Assignment:
Word for word, repeat the records, leaving every picture behind.
(Material shown Opens)
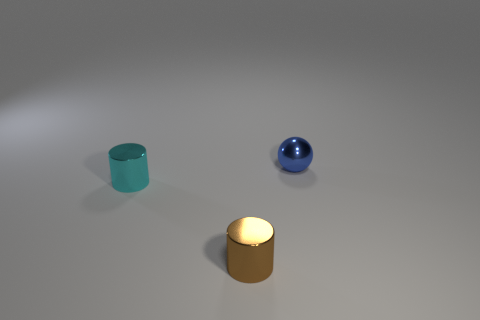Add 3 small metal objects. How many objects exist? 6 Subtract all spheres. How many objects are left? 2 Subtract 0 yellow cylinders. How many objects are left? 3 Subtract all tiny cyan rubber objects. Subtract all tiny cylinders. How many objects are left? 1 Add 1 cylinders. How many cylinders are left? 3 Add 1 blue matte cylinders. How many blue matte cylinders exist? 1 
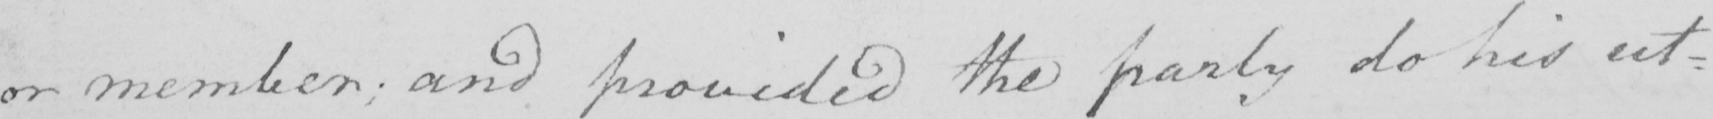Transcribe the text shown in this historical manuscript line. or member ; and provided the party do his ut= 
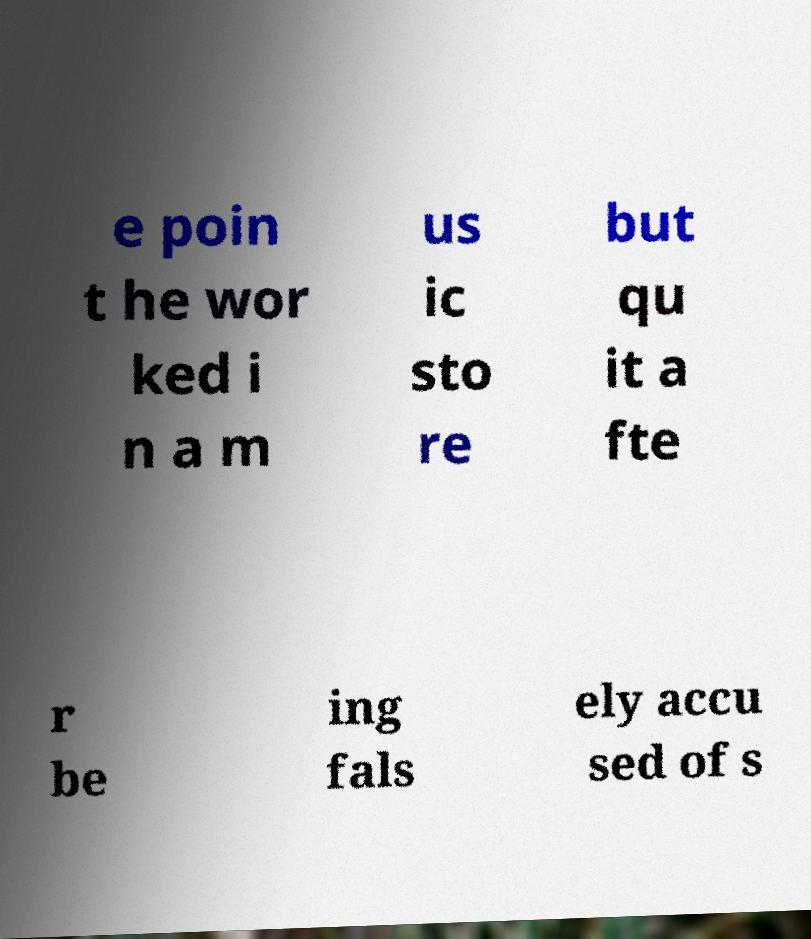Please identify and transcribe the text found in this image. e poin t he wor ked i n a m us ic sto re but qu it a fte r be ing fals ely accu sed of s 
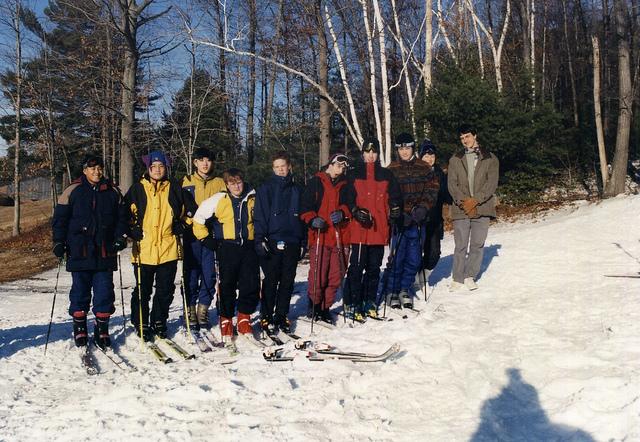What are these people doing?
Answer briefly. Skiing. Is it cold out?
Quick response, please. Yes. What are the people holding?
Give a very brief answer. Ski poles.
(Material shown Closes)
Your solution:
Add 3 small metal objects. How many objects exist? 6 Subtract all spheres. How many objects are left? 2 Subtract 0 yellow cylinders. How many objects are left? 3 Subtract all tiny cyan rubber objects. Subtract all tiny cylinders. How many objects are left? 1 Add 1 cylinders. How many cylinders are left? 3 Add 1 blue matte cylinders. How many blue matte cylinders exist? 1 
Transcribe the text shown in this historical manuscript line. or member ; and provided the party do his ut= 
Please identify and transcribe the text found in this image. e poin t he wor ked i n a m us ic sto re but qu it a fte r be ing fals ely accu sed of s 
What are these people doing?
Answer briefly. Skiing. Is it cold out?
Quick response, please. Yes. What are the people holding?
Give a very brief answer. Ski poles.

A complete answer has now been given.